MATERIAL FOR THE TASK:
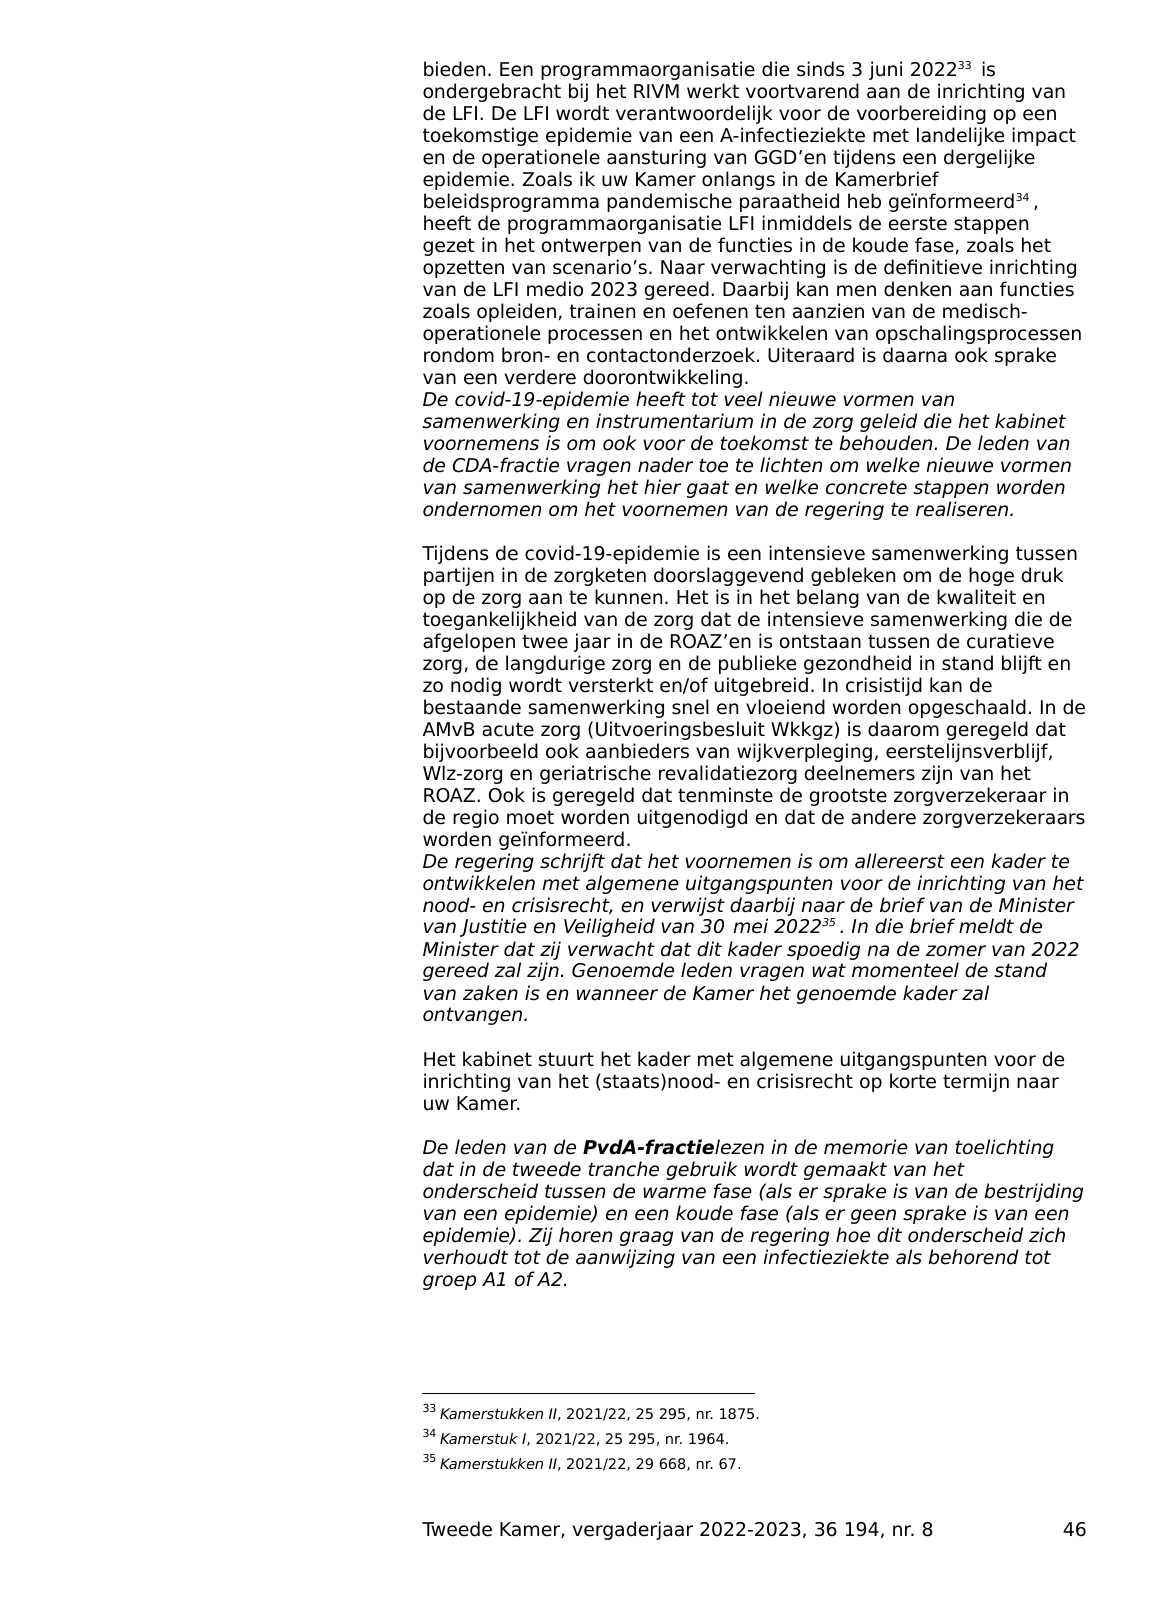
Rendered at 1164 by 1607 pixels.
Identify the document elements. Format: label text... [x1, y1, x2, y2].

text Kamerstukken II, 2021/22, 29 668, nr. 67. [422, 1452, 1087, 1474]
text De covid-19-epidemie heeft tot veel nieuwe vormen van samenwerking en instrumentarium in de zorg geleid die het kabinet voornemens is om ook voor de toekomst te behouden. De leden van de CDA-fractie vragen nader toe te lichten om welke nieuwe vormen van samenwerking het hier gaat en welke concrete stappen worden ondernomen om het voornemen van de regering te realiseren. [422, 389, 1087, 521]
text De leden van de PvdA-fractielezen in de memorie van toelichting dat in de tweede tranche gebruik wordt gemaakt van het onderscheid tussen de warme fase (als er sprake is van de bestrijding van een epidemie) en een koude fase (als er geen sprake is van een epidemie). Zij horen graag van de regering hoe dit onderscheid zich verhoudt tot de aanwijzing van een infectieziekte als behorend tot groep A1 of A2. [422, 1137, 1087, 1291]
text De regering schrijft dat het voornemen is om allereerst een kader te ontwikkelen met algemene uitgangspunten voor de inrichting van het nood- en crisisrecht, en verwijst daarbij naar de brief van de Minister van Justitie en Veiligheid van 30 mei 2022. In die brief meldt de Minister dat zij verwacht dat dit kader spoedig na de zomer van 2022 gereed zal zijn. Genoemde leden vragen wat momenteel de stand van zaken is en wanneer de Kamer het genoemde kader zal ontvangen. [422, 851, 1087, 1026]
text Tijdens de covid-19-epidemie is een intensieve samenwerking tussen partijen in de zorgketen doorslaggevend gebleken om de hoge druk op de zorg aan te kunnen. Het is in het belang van de kwaliteit en toegankelijkheid van de zorg dat de intensieve samenwerking die de afgelopen twee jaar in de ROAZ’en is ontstaan tussen de curatieve zorg, de langdurige zorg en de publieke gezondheid in stand blijft en zo nodig wordt versterkt en/of uitgebreid. In crisistijd kan de bestaande samenwerking snel en vloeiend worden opgeschaald. In de AMvB acute zorg (Uitvoeringsbesluit Wkkgz) is daarom geregeld dat bijvoorbeeld ook aanbieders van wijkverpleging, eerstelijnsverblijf, Wlz-zorg en geriatrische revalidatiezorg deelnemers zijn van het ROAZ. Ook is geregeld dat tenminste de grootste zorgverzekeraar in de regio moet worden uitgenodigd en dat de andere zorgverzekeraars worden geïnformeerd. [422, 543, 1087, 851]
text bieden. Een programmaorganisatie die sinds 3 juni 2022 is ondergebracht bij het RIVM werkt voortvarend aan de inrichting van de LFI. De LFI wordt verantwoordelijk voor de voorbereiding op een toekomstige epidemie van een A-infectieziekte met landelijke impact en de operationele aansturing van GGD’en tijdens een dergelijke epidemie. Zoals ik uw Kamer onlangs in de Kamerbrief beleidsprogramma pandemische paraatheid heb geïnformeerd, heeft de programmaorganisatie LFI inmiddels de eerste stappen gezet in het ontwerpen van de functies in de koude fase, zoals het opzetten van scenario’s. Naar verwachting is de definitieve inrichting van de LFI medio 2023 gereed. Daarbij kan men denken aan functies zoals opleiden, trainen en oefenen ten aanzien van de medisch-operationele processen en het ontwikkelen van opschalingsprocessen rondom bron- en contactonderzoek. Uiteraard is daarna ook sprake van een verdere doorontwikkeling. [422, 59, 1087, 389]
text Het kabinet stuurt het kader met algemene uitgangspunten voor de inrichting van het (staats)nood- en crisisrecht op korte termijn naar uw Kamer. [422, 1048, 1087, 1114]
text Kamerstuk I, 2021/22, 25 295, nr. 1964. [422, 1427, 1087, 1449]
text Kamerstukken II, 2021/22, 25 295, nr. 1875. [422, 1402, 1087, 1424]
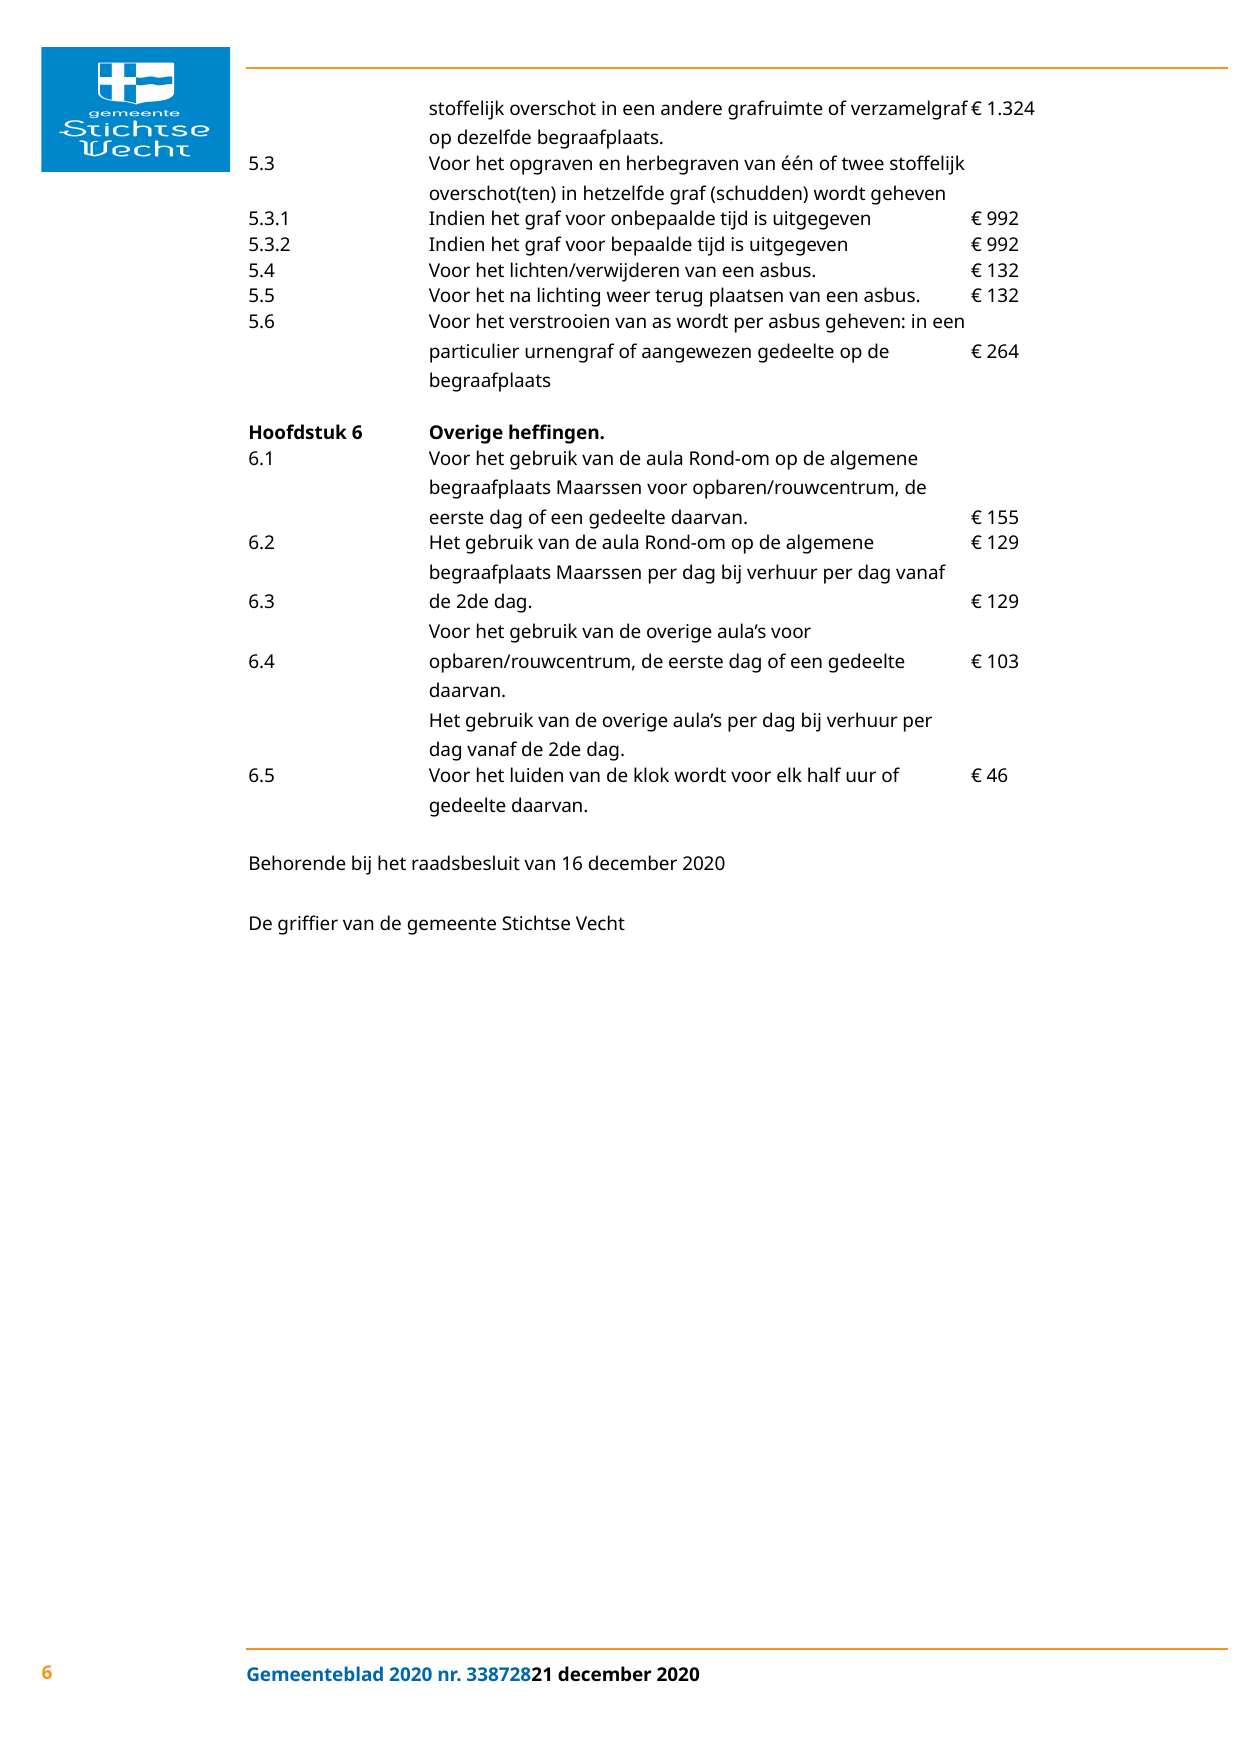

EXERCISE DIRECTIONS: Only lines holding the word "Kamerstukken" are wanted, so copy each of them from the records above.

COMPLETED EXERCISE:
text Kamerstukken II, 2021/22, 29 668, nr. 67. [422, 1452, 1087, 1474]
text Kamerstukken II, 2021/22, 25 295, nr. 1875. [422, 1402, 1087, 1424]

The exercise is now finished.